Discuss the discrepancies in the formation of social classes, as identified by various sociologists

Key Takeaways

Key Points

  • There are competing models for thinking about social classes in the U.S. — most Americans believe in a three tier structure that includes the upper, middle, and lower classes, but popular variations delineate an upper-middle class and a working class.
  • Individuals tend to form relationships with others in their own class, and to consequently acculturate to, or learn the values of behaviors of, their own class. This process strengthens distinctions between classes as each group establishes a unique class culture.
  • Due to class mobility, in some cases individuals may also acculturate to the culture of another class when ascending or descending in the social order.

Key Terms

  • social network: The web of a person’s social, family, and business contacts, who provide material and social resources and opportunities.
  • acculturate: To acquire the culture (including systems of value and belief) of the society that one inhabits, starting at birth.
  • Class Culture: A system of beliefs, values, and behaviors that is particular to a socioeconomic group.

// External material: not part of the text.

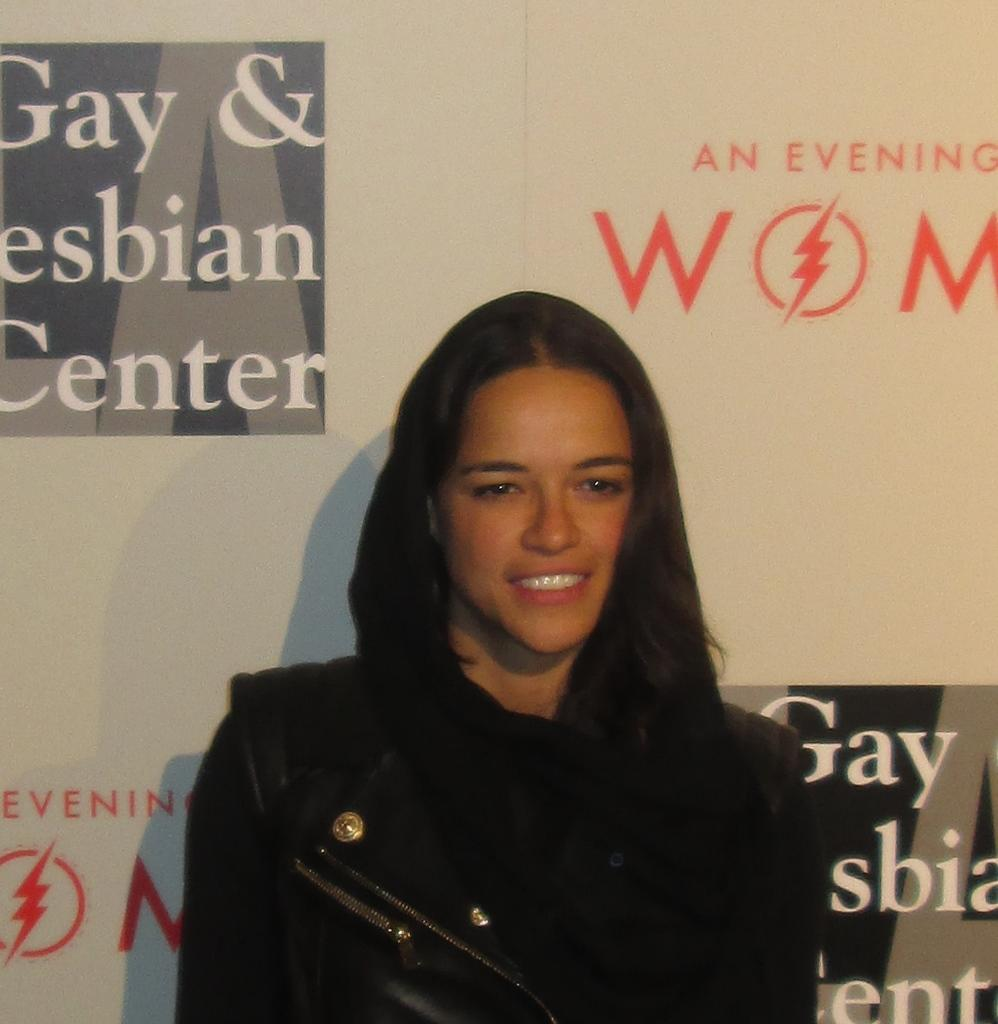Who is in the picture? There is a woman in the picture. What is the woman doing in the picture? The woman is standing. What is the woman wearing in the picture? The woman is wearing a black dress. What is the woman's facial expression in the picture? The woman is smiling. What can be seen in the background of the picture? There is a banner in the background of the picture. What is written on the banner? There is writing on the banner. What hobbies does the woman enjoy in the park? There is no information about the woman's hobbies or the park in the image. 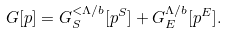<formula> <loc_0><loc_0><loc_500><loc_500>G [ p ] = G _ { S } ^ { < \Lambda / b } [ p ^ { S } ] + G _ { E } ^ { \Lambda / b } [ p ^ { E } ] .</formula>

Most social scientists agree that society is stratified into a hierarchical arrangement of social classes. Social classes are groupings of individuals in a hierarchy, usually based on wealth, educational attainment, occupation, income, and membership in a subculture or social network. Social class in the United States is a controversial issue, having many competing definitions, models, and even disagreements over its very existence. Many Americans believe in a simple three-class model that includes upper class, the middle class, and the lower class or working class. More complex models that have been proposed by social scientists describe as many as a dozen class levels.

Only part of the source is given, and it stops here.